Coates stayed on the couch. Her gaze found the framed photograph on her desk. It showed the late Archibald Coates, grinning in surgical scrubs, holding his infant daughter in the crook of his arm. Dead of a coronary at the impossibly unfair age of thirty, Archie had been gone now almost as long as he had lived. In the picture there was a bit of whitish afterbirth on Michaela’s forehead, like a scrap of web. The warden wished she’d told her daughter that she loved her—but the regret only held her still for a few seconds. There was work to be done. It had taken a few seconds to get a hold on the problem, but the answer—what to do with the women of the prison—did not seem to Janice to be multiple-choice. For as long as she could, she needed to keep on doing what she had always done: maintain order and keep ahead of the bullshit.
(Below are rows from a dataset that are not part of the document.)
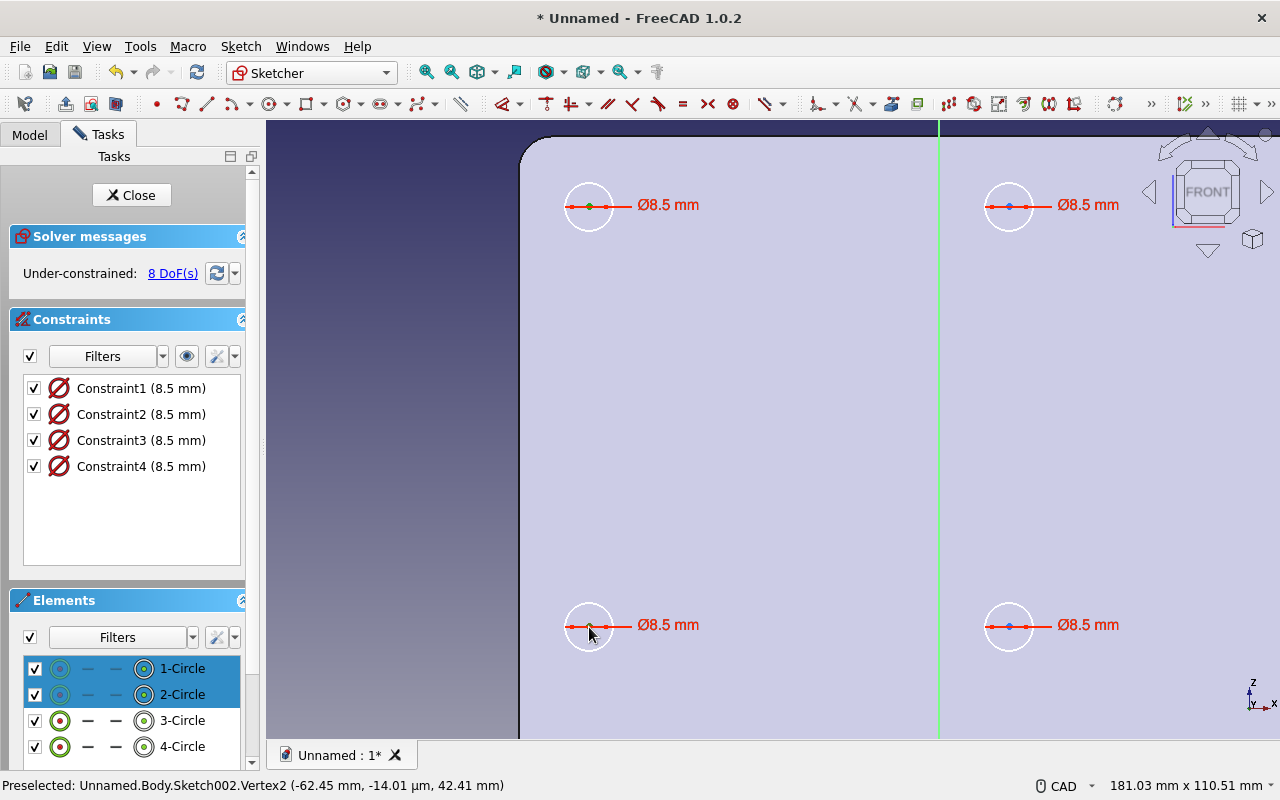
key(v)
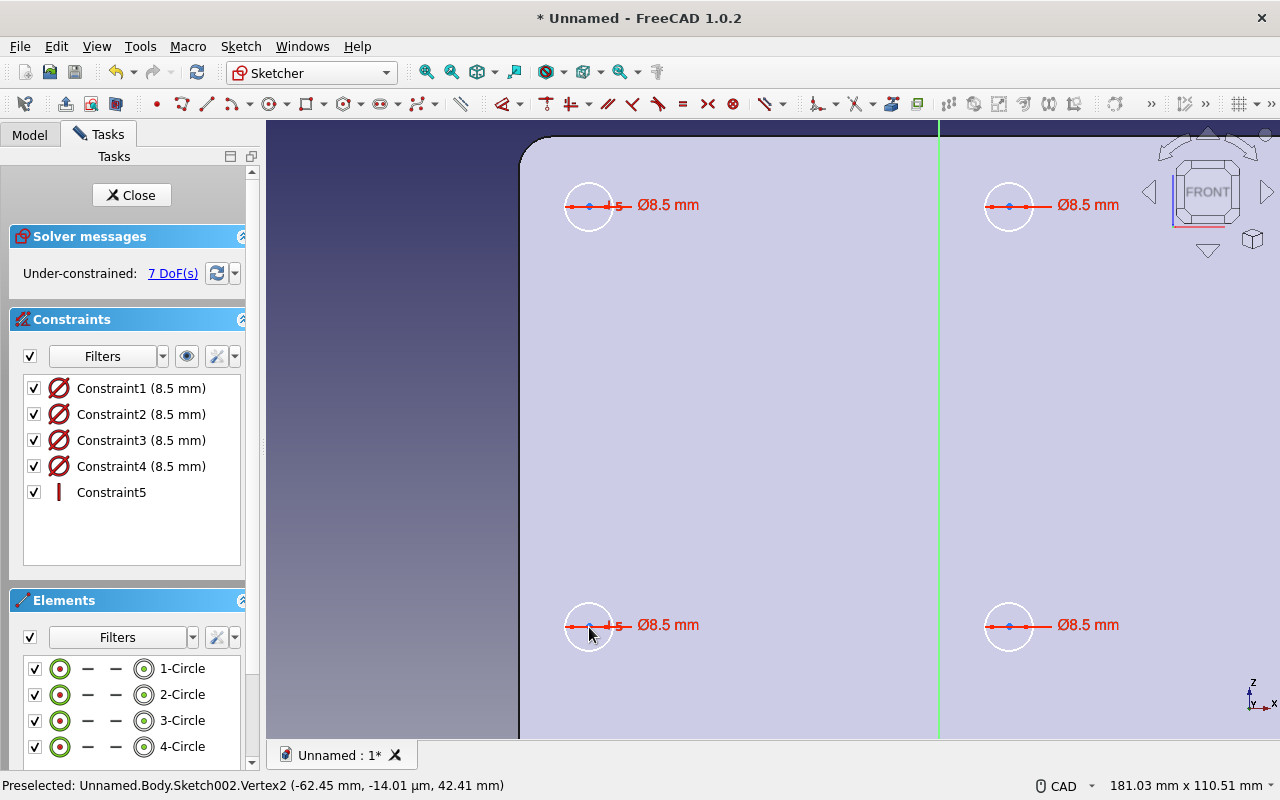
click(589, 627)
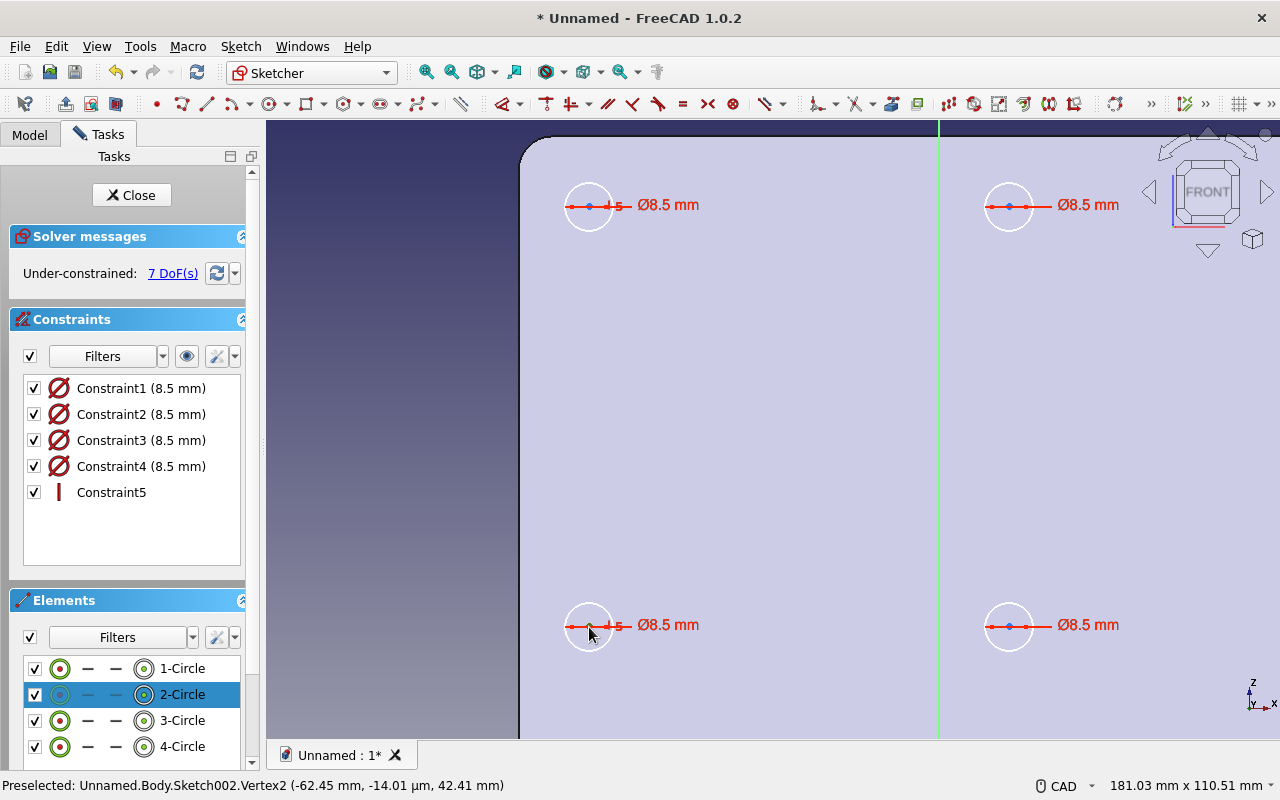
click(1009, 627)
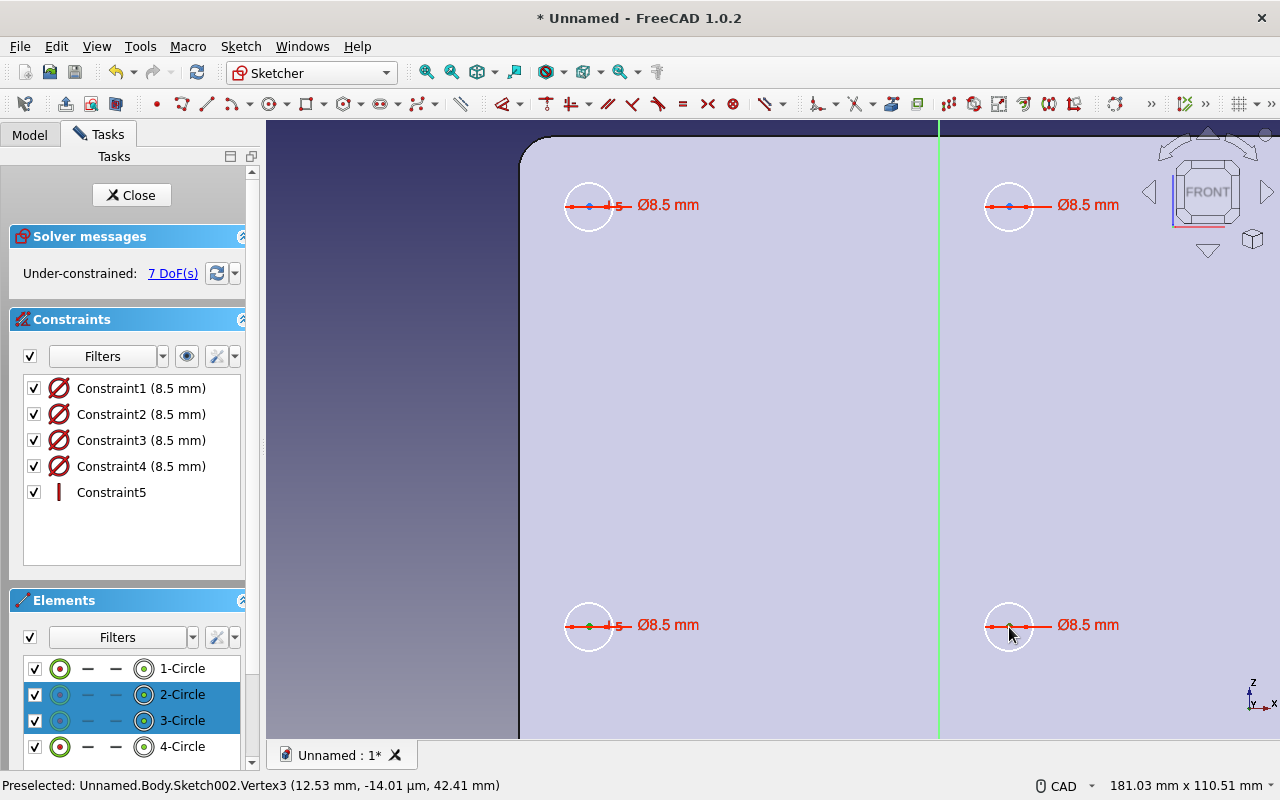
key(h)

She told her secretary, Blanche McIntyre, to buzz their PAs again at their homes. After that, Blanche was to call Lawrence Hicks, the vice-warden, and inform him that his recovery time from wisdom tooth surgery was being curtailed; he was required on the premises immediately. Finally, she needed Blanche to notify each of the officers on duty in turn: due to the national situation everyone was pulling a double. The warden had serious concerns about whether or not she could count on the next rotation coming in. In an emergency people were reluctant to leave their loved ones.
“What?” Blanche asked. “The national situation? Did something happen to the president? And you want everyone for a double? They aren’t going to like that.”
“I don’t care what they like. Turn on the news, Blanche.”
“I don’t understand. What’s happening?”
“If my daughter’s right, you’ll know it when you hear it.”
Next, Coates went to get Norcross in his office. They were going to check on Kitty McDavid together.
5
Jared Norcross and Mary Pak were sitting on the bleachers during Period Three PE, their tennis rackets put aside for the time being. They and a bunch of Silly Sophomores on the lower tiers were watching two seniors playing on the center court, grunting like Monica Seles with each hit. The skinny one was Curt McLeod. The muscular redhead was Eric Blass.
My nemesis, Jared thought.
“I don’t think it’s a good idea,” he said.
Mary looked at him, eyebrows raised. She was tall, and (in Jared’s opinion) perfectly proportioned. Her hair was black, her eyes were gray, her legs long and tanned, her lowtops immaculately white. Immaculate was, in fact, the best word for her. In Jared’s opinion. “And that would be apropos what?”
As if you don’t know, Jared thought. “Apropos you going to see Arcade Fire with Eric.”
“Um.” She appeared to think this over. “Lucky you’re not the one going with him, then.”
“Hey, remember the field trip to the Kruger Street Toy and Train Museum? Back in fifth grade?”